A residual-type a posteriori error estimation is developed for an interior penalty virtual element method (IPVEM) to solve a Kirchhoff plate bending problem. The computable error estimator is incorporated. We derive the reliability and efficiency of the a posteriori error bound by constructing an enriching operator and establishing some related error estimates. As an outcome of the error estimator, an adaptive VEM is introduced by means of the mesh refinement strategy with the one-hanging-node rule.

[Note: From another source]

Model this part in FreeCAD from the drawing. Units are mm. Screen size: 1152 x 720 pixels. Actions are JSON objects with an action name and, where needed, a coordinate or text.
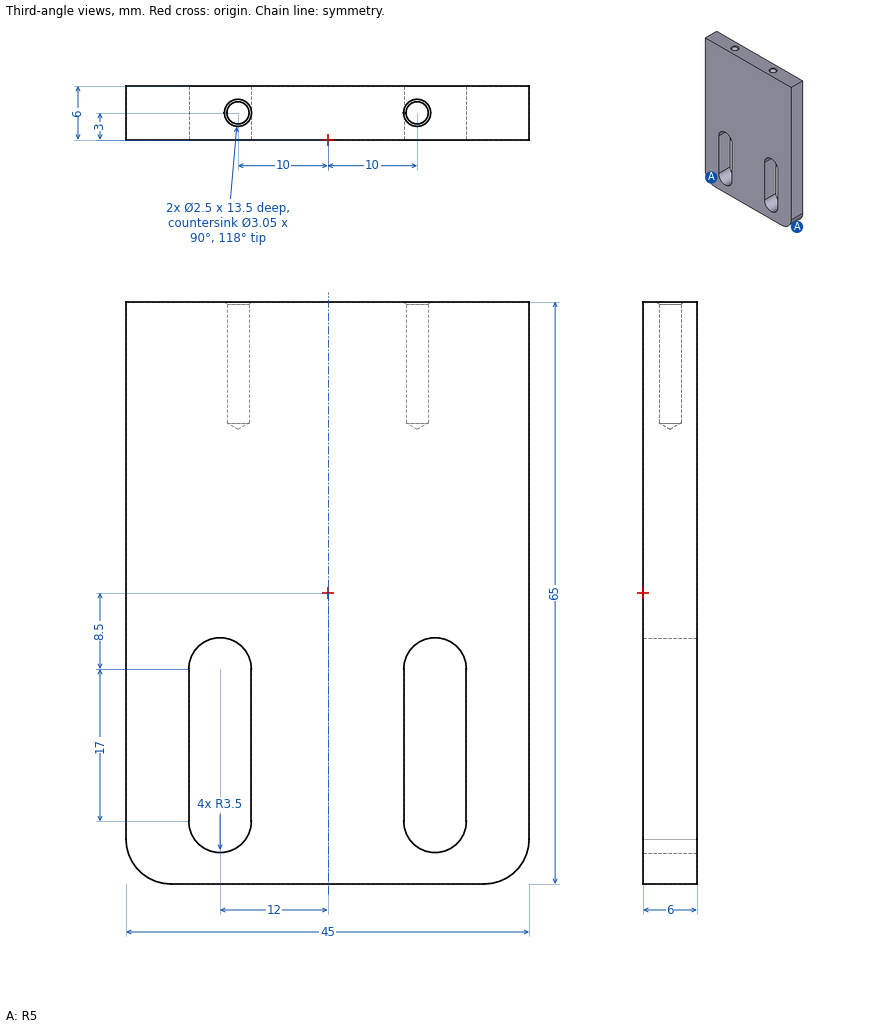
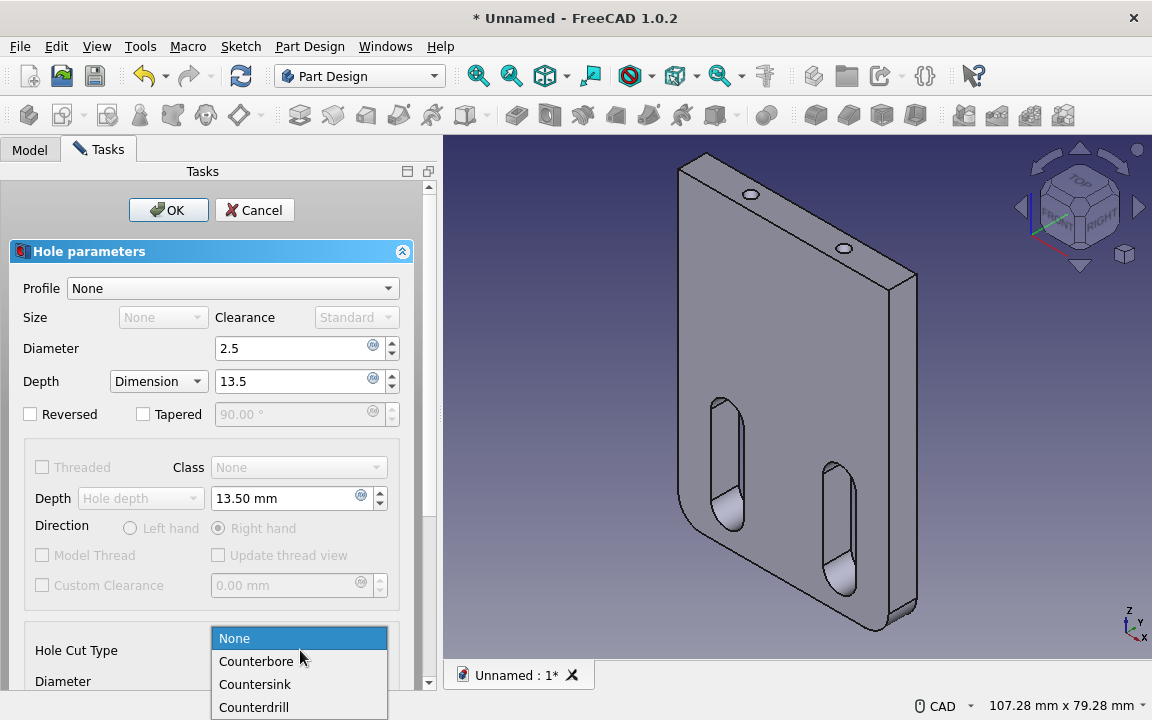
{"action": "left_click", "coordinate": [298, 684]}

Numerical results on various benchmark tests confirm the robustness of the proposed error estimator and show the efficiency of the resulting adaptive VEM. (This is the initial version; additional content will be included in the final version.)

翻译：针对求解Kirchhoff板弯曲问题的内罚虚拟元方法（IPVEM），本文发展了一种残差型后验误差估计方法。该方法包含了可计算的误差估计子。通过构造一个加益算子并建立若干相关误差估计，我们推导了后验误差界的可靠性与有效性。作为该误差估计子的应用，我们基于单悬挂节点规则的网格细化策略，引入了一种自适应虚拟元方法。多个基准测试的数值结果证实了所提误差估计子的鲁棒性，并展示了所得自适应虚拟元方法的有效性。（此为初始版本；最终版本将包含更多内容。）